I ordered the first PSU that Tyree posted (it had a $20 mail in rebate, making it cheaper than the less-powerful one I posted, thanks for that). Thanks a lot for the help guys, I'll post back once I install the new PSU and see if my problems have gone away.

I kinda have a feeling it may have damaged my video card though. It's been set up this way for about a year now


----------



## Dietomaha

*Re: Monitor randomly goes to sleep*

I'm extremely sad to report that the new PSU did not fix the problem. So short of that, what else could it be?

Not that I really have the money to fix it now after buying the new PSU...


----------



## Rich-M

*Re: Monitor randomly goes to sleep*

Well now whats left leaves the video card the next in line as the cause. I mean it would be easy to see the poor psu blew the video card over time. By any chance does your pc have onboard video as well as the 9800 video card?


----------



## Dietomaha

*Re: Monitor randomly goes to sleep*

It does. I was planning on using that as the next step, would I be able to simply swap the cord once the monitor goes to sleep again, or should I do it a different way?


----------



## JimE

*Re: Monitor randomly goes to sleep*

Power off the PC, turn off the monitor, move the cable from the video card to the onboard video output, then uninstall (ie: remove) the video card. Boot up and test.


----------



## Rich-M

*Re: Monitor randomly goes to sleep*

Right you have to remove the video card to use the onboard. Before doing that I would check the bios priorities so that video is set for pci "when present" which means onboard will work when pci card is
not present.


----------



## Dietomaha

*Re: Monitor randomly goes to sleep*

I haven't had a chance to test it today, but I will early tomorrow and report back. In the meantime, could you guys recommend a video card equivalent to a 9800 GT (or higher) for a good price? I'm on a SUPER tight budget after replacing the PSU, but I'm fairly certain the video card is failing.

Thanks!


----------



## Rich-M

*Re: Monitor randomly goes to sleep*

This should do nicely:
Newegg.com - EVGA 01G-P3-1441-KR GeForce GT 440 1024MB (Fermi) DUAL DVI PCI Express 2.0 x16 Video Card


----------



## Dietomaha

*Re: Monitor randomly goes to sleep*

Welp, I got my new video card today. Plugged it in, tried to play a game with it, and the same crash happened.
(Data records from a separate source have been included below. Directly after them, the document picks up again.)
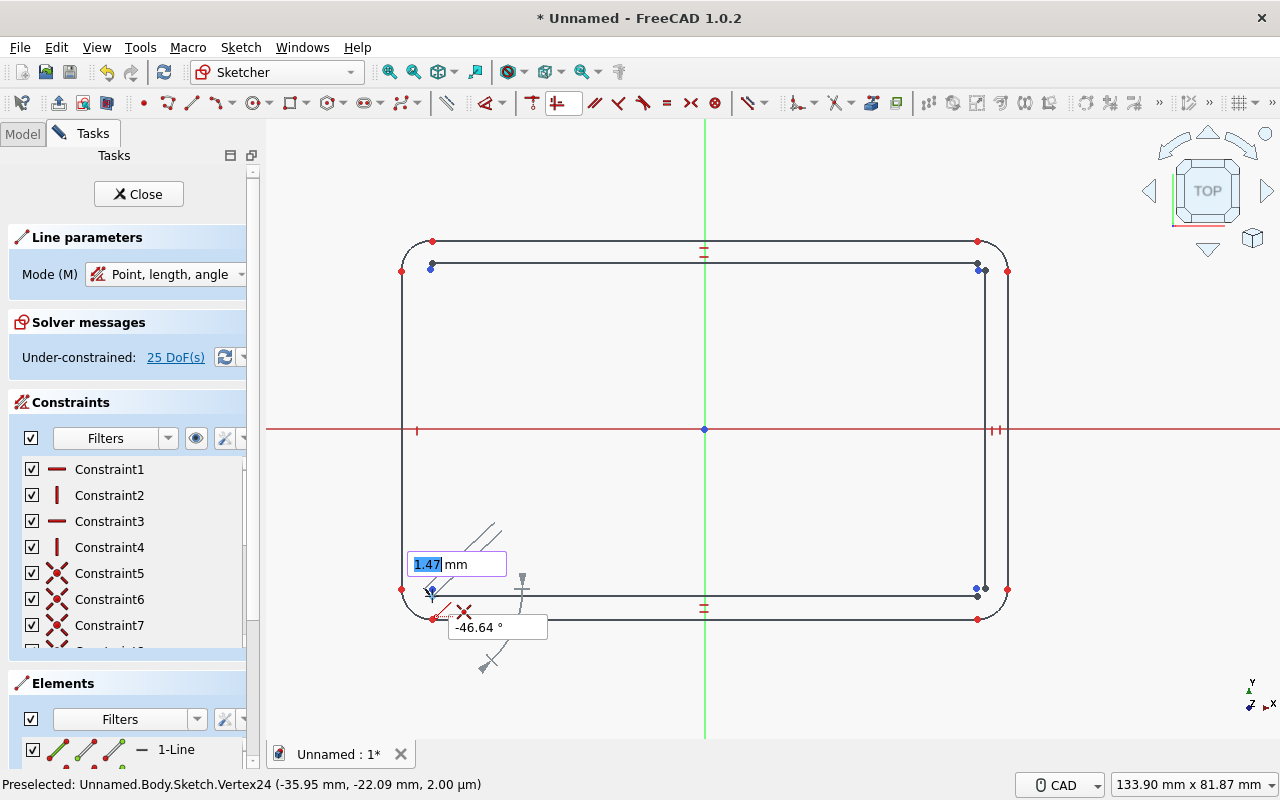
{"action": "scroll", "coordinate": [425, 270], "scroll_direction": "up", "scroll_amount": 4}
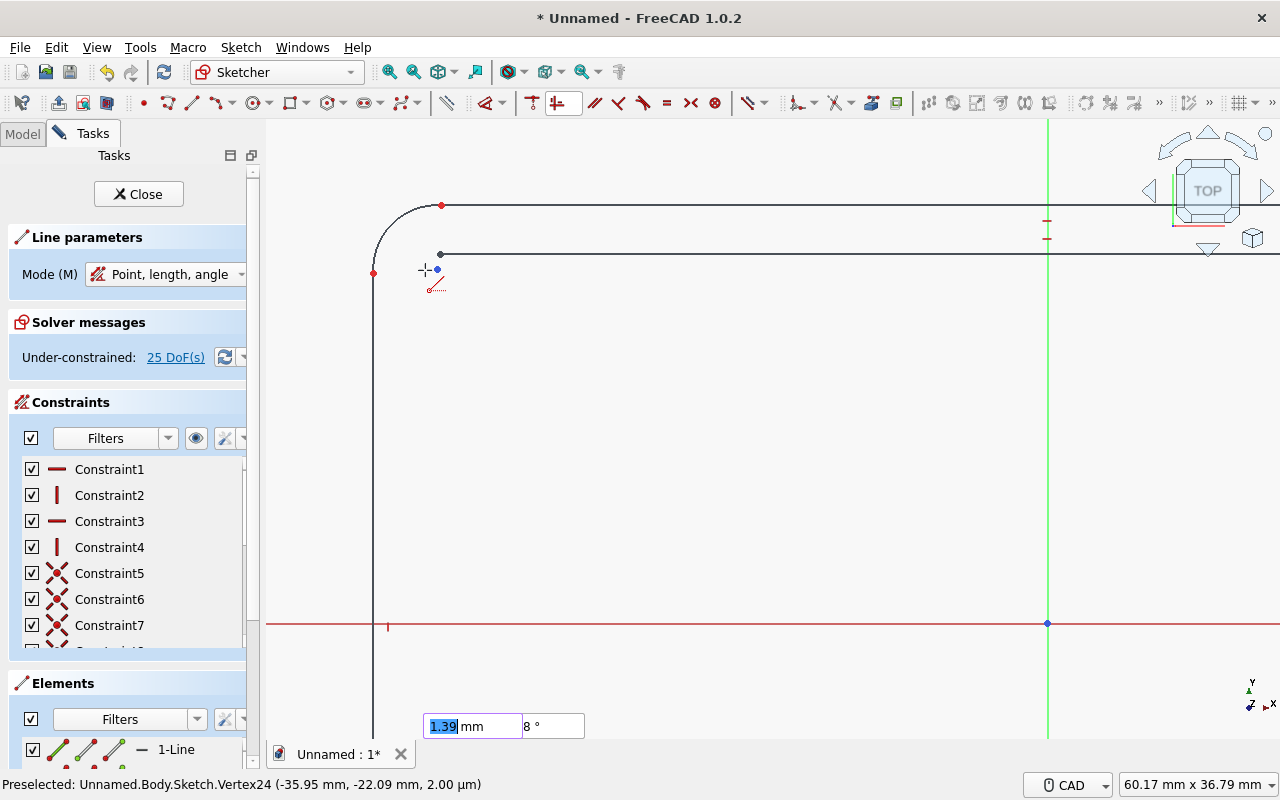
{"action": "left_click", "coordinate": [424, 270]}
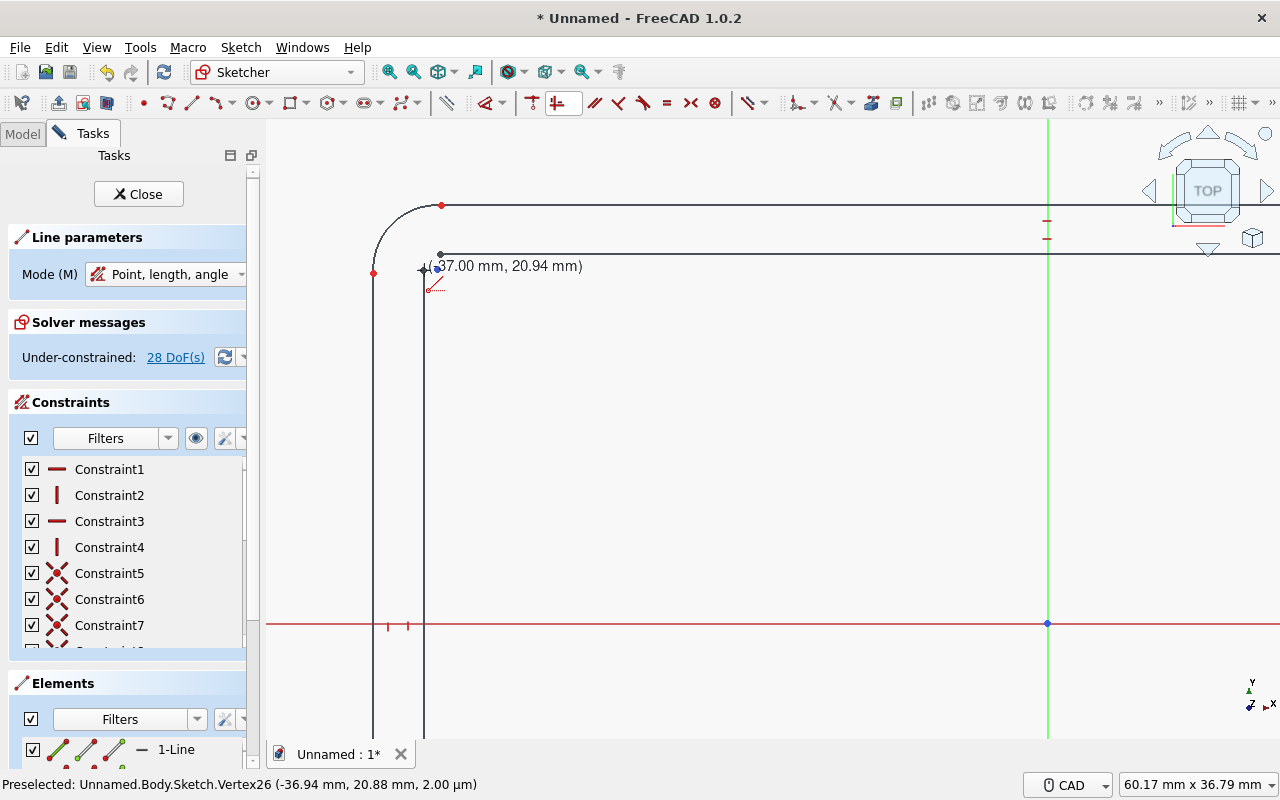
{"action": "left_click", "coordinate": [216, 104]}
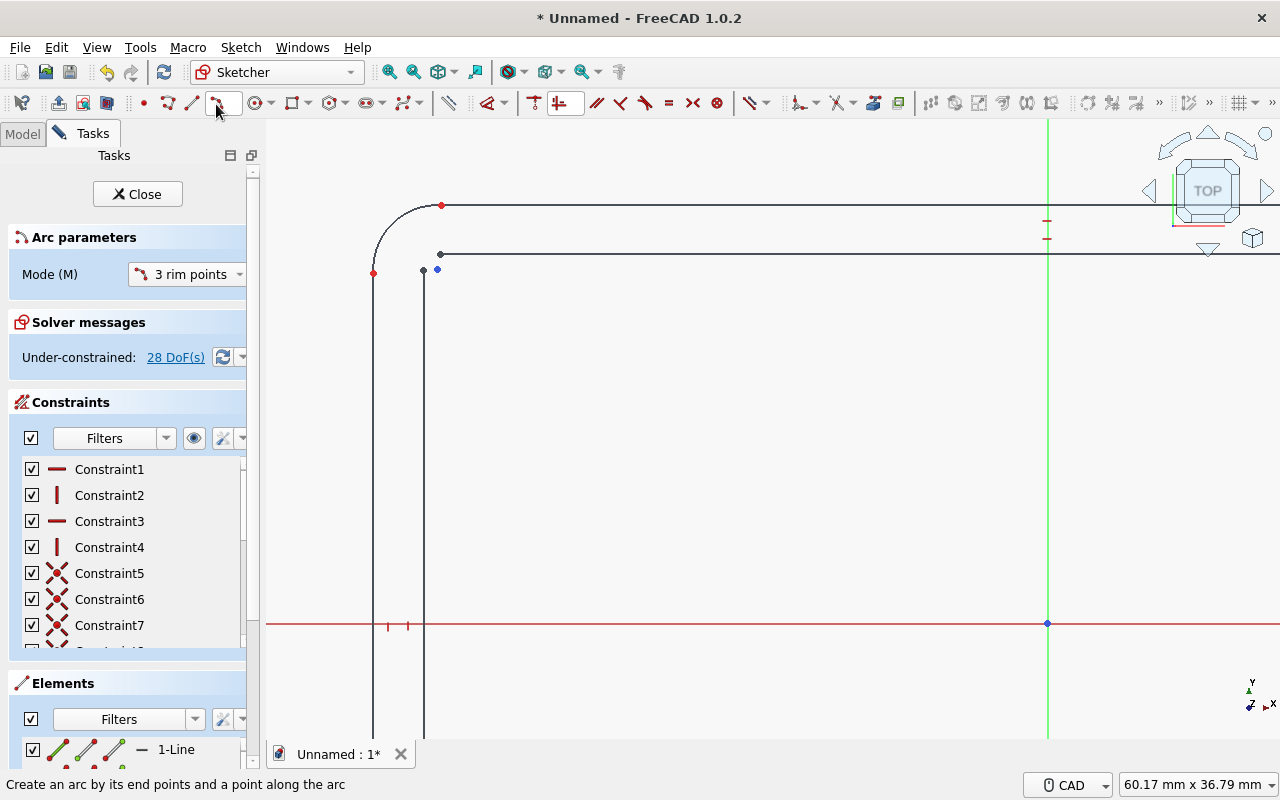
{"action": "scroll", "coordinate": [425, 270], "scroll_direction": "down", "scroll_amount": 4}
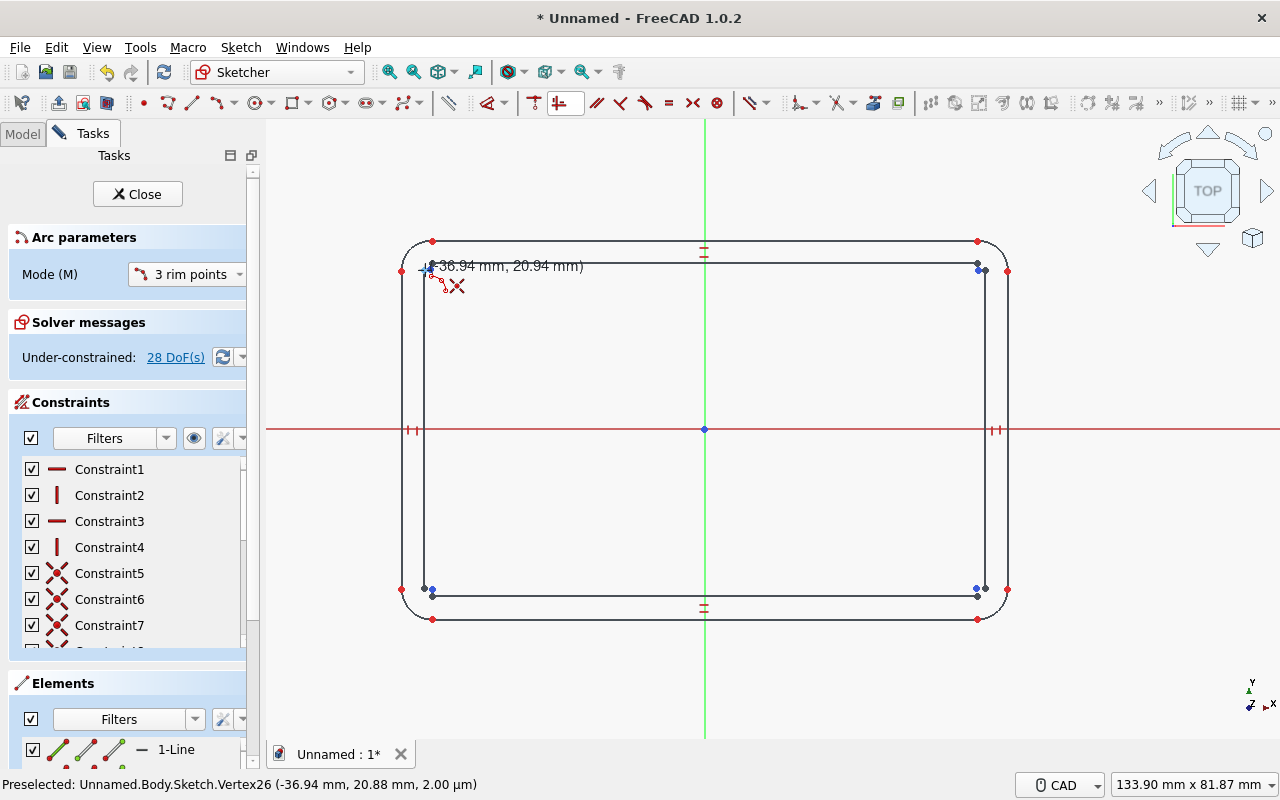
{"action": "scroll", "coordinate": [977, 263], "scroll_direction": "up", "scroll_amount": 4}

I was looking at the HWMonitor and the fan isn't coming on on the video card, so the card is running especially hot.

http://i.imgur.com/KLasB.jpg

Is this card not working properly, or is there some way to turn on the fan that maybe I missed...?


----------



## JimE

*Re: Monitor randomly goes to sleep*

Video card brand/model? If the card has a power connector, do you have it connected? Did you upgrade the power supply? As noted above, the stock power supply is NOT powerful enough to support an addon video card.


----------



## Dietomaha

*Re: Monitor randomly goes to sleep*

I got a GeForce 450 GTS. I have an XFX 650 Watt power supply now as well.

This....was a false alarm, luckily. A wire from the power supply was stopping the fan from moving. Now that it's moving, it idles at about 55C and in games the highest it's gotten is about 70-75. So everything seems good now 

Thanks again for the help!


----------